# Neelix 17 weeks :)



## bigredpoodle (Sep 13, 2009)

Her is Neelix at 17 weeks . This baby boy let me trim his feet cut his nails and scissor him down, what a great temperment .. Not perfect trim but then he is still a baby . We are so proud of him...Neelix is going to a show home


----------



## ArreauStandardPoodle (Sep 1, 2009)

He is very cute Bigredpoodle.

Is he going to Captivation in Sweden? Did you know their red girl is my Flynns litter sister. Have you ever seen the awesome video they have of all of their brood out on the ice? It is magnificent and she is a stunner. They ought to mae lovely babies.


----------



## taxtell (Sep 17, 2009)

Adorable!

He looks so well behaved also!


----------



## bigredpoodle (Sep 13, 2009)

Neelix at 17 weeks ...


----------



## bigredpoodle (Sep 13, 2009)

Training handling and socialization starts at birth. A poodle spends alot of time on a table so WE really do try to give them every opportunity to be there unafraid and comfortable..
By the time they leave me they have been groomed at least three times...This guy of course more than that at his age... He is darling we adore him....And of course he smiles.....Just like his mom...


----------



## Keithsomething (Oct 31, 2009)

hes a gorgeous boy!!
^_^

I hope some day to have a poodle with a coat that pretty!!


----------



## Olie (Oct 10, 2009)

Oh wow what a pretty color!!! Love him. Such a good boy too. It's nice to hear what you do with your pups to prepare them for grooming. 
Ok let me ask how big is he, weight & height?


----------



## bigredpoodle (Sep 13, 2009)

We have not weighed him since 12 weeks But I would venture to say about 20 to 25 pounds..He is probably about 16 inches at the shoulder and will be around 24 to 25 inches when grown We do not like a huge dog....
He is a husky boy. and never misses a meal for sure...But he is not fat he is very muscular, which is in fact what we breed for and intelligence of course. . We look at the muscle structure of the dog, before using them... As the muscles are what hold all the skeletal structure in place..As most of our babies go into homes where folks are active jogging, hikers or horse folks that like to take the spoo with them


----------



## bigredpoodle (Sep 13, 2009)

Keithsomething said:


> hes a gorgeous boy!!
> ^_^
> 
> I hope some day to have a poodle with a coat that pretty!!

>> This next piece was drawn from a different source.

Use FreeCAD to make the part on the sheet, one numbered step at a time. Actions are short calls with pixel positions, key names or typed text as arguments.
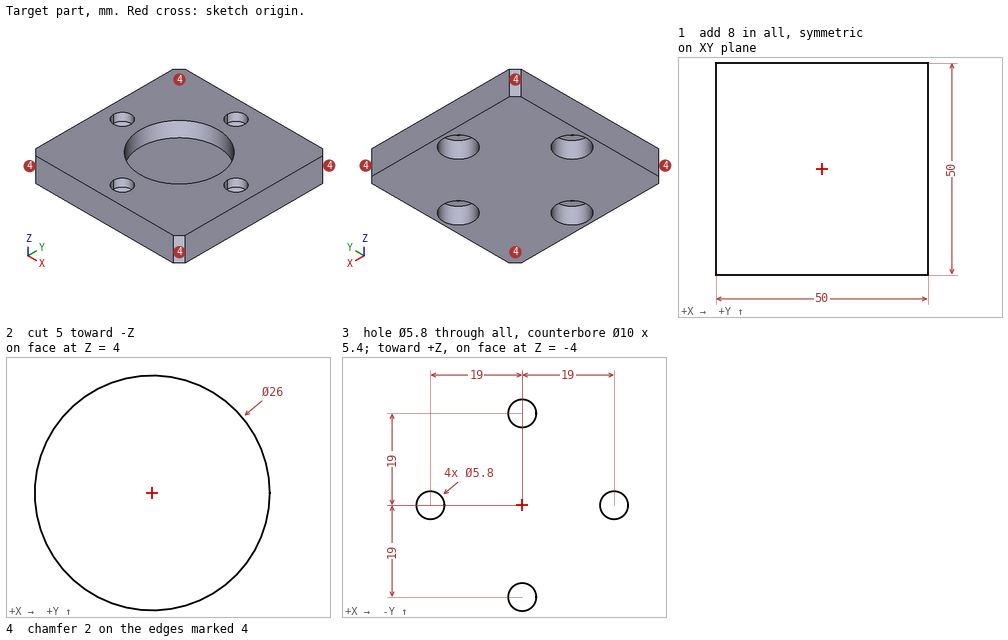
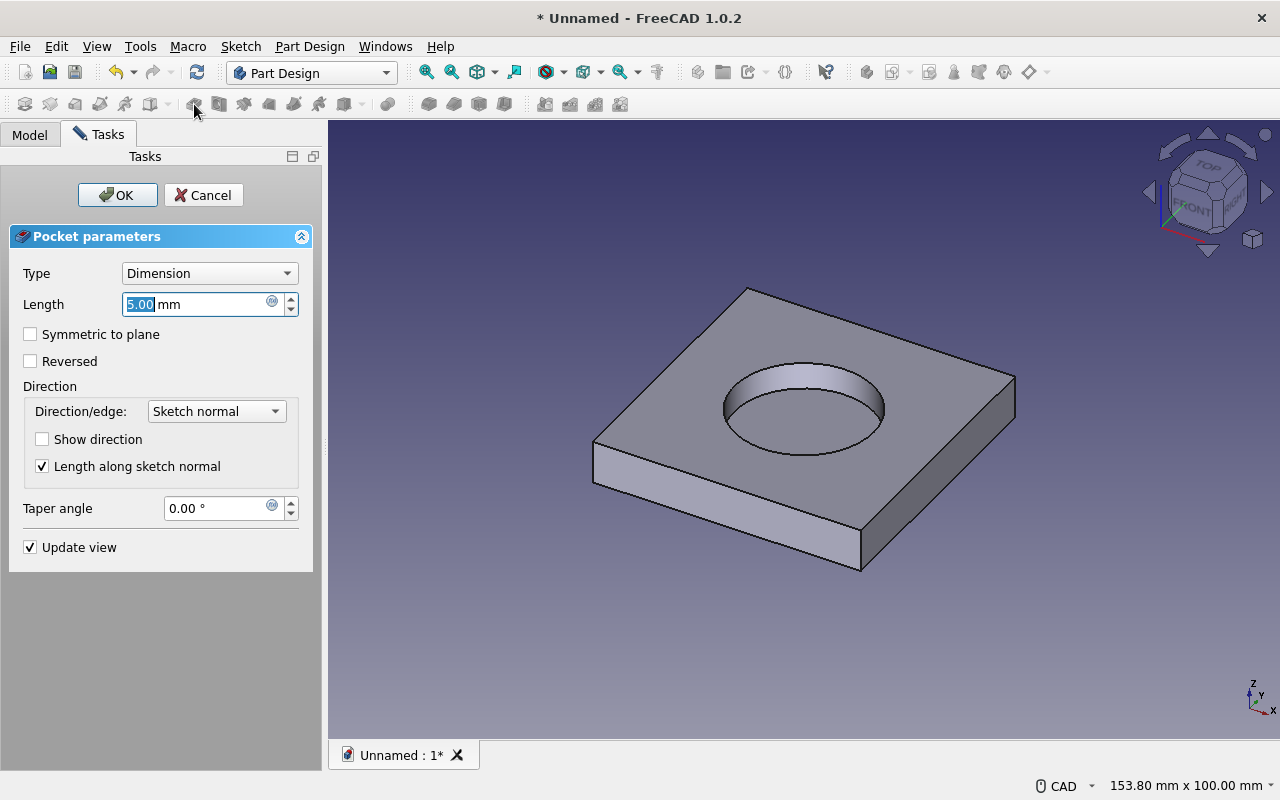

Thanks so much he is a dream come true for sure....


----------



## Nigel (Nov 24, 2009)

He is stunning! I love the pic where he looks like he's peeking around the grooming arm. Great expression! Love how black his nose is against his coat.

Kathy


----------



## Keithsomething (Oct 31, 2009)

bigredpoodle said:


> We have not weighed him since 12 weeks But I would venture to say about 20 to 25 pounds..*He is probably about 16 inches at the shoulder* and will be around 24 to 25 inches when grown We do not like a huge dog....
> He is a husky boy. and never misses a meal for sure...But he is not fat he is very muscular, which is in fact what we breed for and intelligence of course. . We look at the muscle structure of the dog, before using them... As the muscles are what hold all the skeletal structure in place..As most of our babies go into homes where folks are active jogging, hikers or horse folks that like to take the spoo with them


Oh my xDD
I measured Elphaba when we got home earlier and at 7months old shes only 17inches at the shoulder o.o
((the side effects of BYB's?))


----------



## Linda Hughes (Oct 11, 2009)

What a cutie


----------



## bigredpoodle (Sep 13, 2009)

Keithsomething said:


> Oh my xDD
> I measured Elphaba when we got home earlier and at 7months old shes only 17inches at the shoulder o.o
> ((the side effects of BYB's?))


Not necessarily.. Every dog is different and my reds lean bit toward the smaller because that is what I prefer..I think a spoo should be under 26 inches.. So I hope and pray that they will all stay that way.. he may get a wee bit bigger than that .. Dunno yet...
Fingers crossed !


----------



## bigredpoodle (Sep 13, 2009)

Linda Hughes said:


> What a cutie


Thanks he has the cutest personality.. he is so opinionated.. Cracks me up ...
He wuvvers his Nanna!


----------



## desertreef (Nov 14, 2009)

Beautiful boy... you are going to miss him! Hard to let them go after that long, I know. But he'll go on to do great things and make you proud.


----------



## bigredpoodle (Sep 13, 2009)

desertreef said:


> Beautiful boy... you are going to miss him! Hard to let them go after that long, I know. But he'll go on to do great things and make you proud.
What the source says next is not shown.